Fin du «travailler plus pour gagner plus»
Par ailleurs, la fin du «travailler plus pour gagner plus», votée mardi par les parlementaires, entraînera une baisse de rémunération de 450 euros en moyenne, par an, pour les huit à neuf millions de salariés concernés. A compter de ce mercredi, les heures supplémentaires ne seront plus défiscalisées et au 1er septembre, les cotisations salariales s’appliqueront à nouveau.
Quel impact pour la taxe sur les transactions financières?
Dernière nouveauté, la taxe sur les transactions financières. Prévue par la précédente majorité, elle a été renforcée par la nouvelle. Il s'agit d'un prélèvement de 0,2% sur les échanges d'actions. Ce nouvel impôt vise les 109 sociétés hexagonales dont la capitalisation est supérieure à un milliard d’euros. «Le rendement du doublement du taux de la taxe sera de 170 millions d’euros en 2012 et de 500», précise Bercy.
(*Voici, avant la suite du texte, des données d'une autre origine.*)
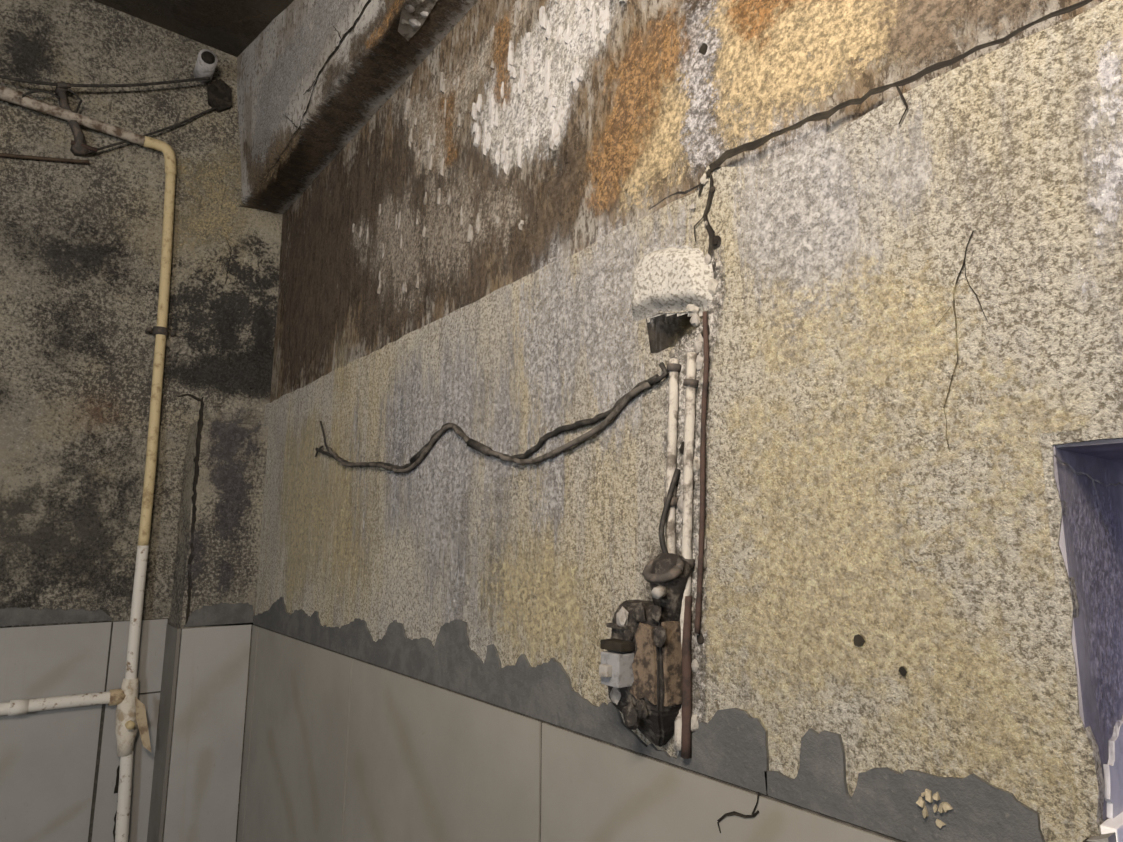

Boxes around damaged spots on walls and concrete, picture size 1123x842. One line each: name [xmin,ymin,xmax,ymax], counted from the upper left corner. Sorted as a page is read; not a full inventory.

water stain [0,215,127,286]
water stain [35,302,106,367]
water stain [145,0,634,624]
flaking render [646,221,726,733]
crack [649,0,1093,308]
peeling [916,789,953,828]
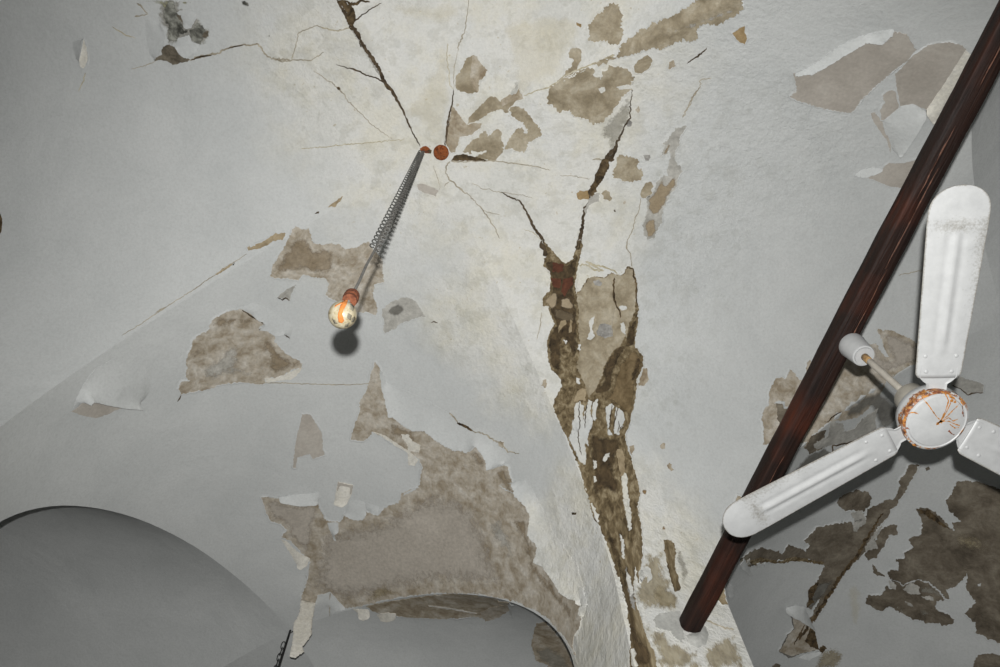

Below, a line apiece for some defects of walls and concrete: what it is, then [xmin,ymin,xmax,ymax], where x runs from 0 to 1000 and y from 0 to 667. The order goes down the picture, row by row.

crack [190,0,420,149]
flaking render [443,53,544,162]
crack [433,0,641,274]
flaking render [545,0,749,127]
flaking render [788,29,971,189]
flaking render [176,224,428,402]
flaking render [759,358,812,445]
flaking render [798,329,917,469]
flaking render [259,360,583,667]
damp [638,553,676,609]
flaking render [738,461,1000,667]
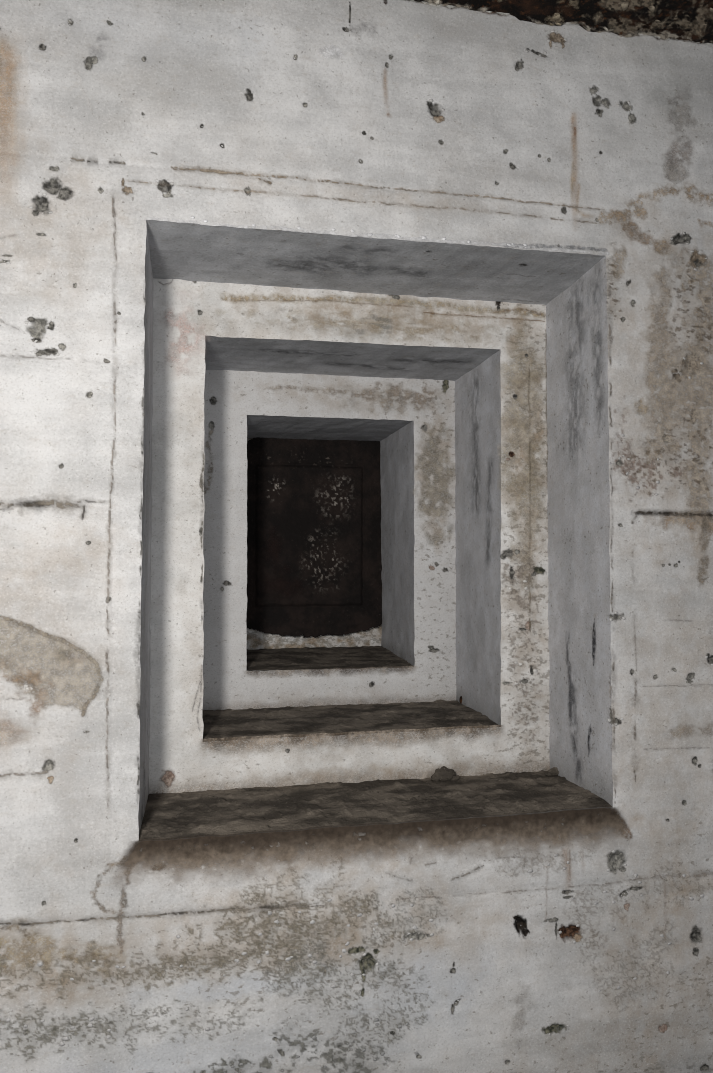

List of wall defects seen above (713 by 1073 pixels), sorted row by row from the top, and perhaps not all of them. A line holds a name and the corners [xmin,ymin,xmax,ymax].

Ce sont les intermédiaires financiers qui devront s’en acquitter. Charge à eux de refiler le surcoût à leurs clients. Une disposition qui n’incitera certainement pas les particuliers à s’intéresser davantage aux actions. Fin 2011, la France ne comptait plus qu’environ quatre millions de d’actionnaires individuels de sociétés cotées, contre sept millions en 2002. A cela s’ajoute le manque d’appétence pour l’assurance-vie, également investie pour partie en actions, des ménages, en raison de la crise qui sévit dans la zone euro. Dans les deux cas, c’est une très mauvaise nouvelle pour les entreprises hexagonales, et notamment les PME, qui souffrent d’un déficit endémique de capitaux pour se développer. Plus que jamais, cela risque d’inciter les Français à se tourner vers l’épargne courte, à l’image du succès du Livret A, décrypte Philippe Crevel, secrétaire général du Cercle des épargnants. L’an dernier, le poids des actions dans le patrimoine financier des ménages n’était que de 3,5%.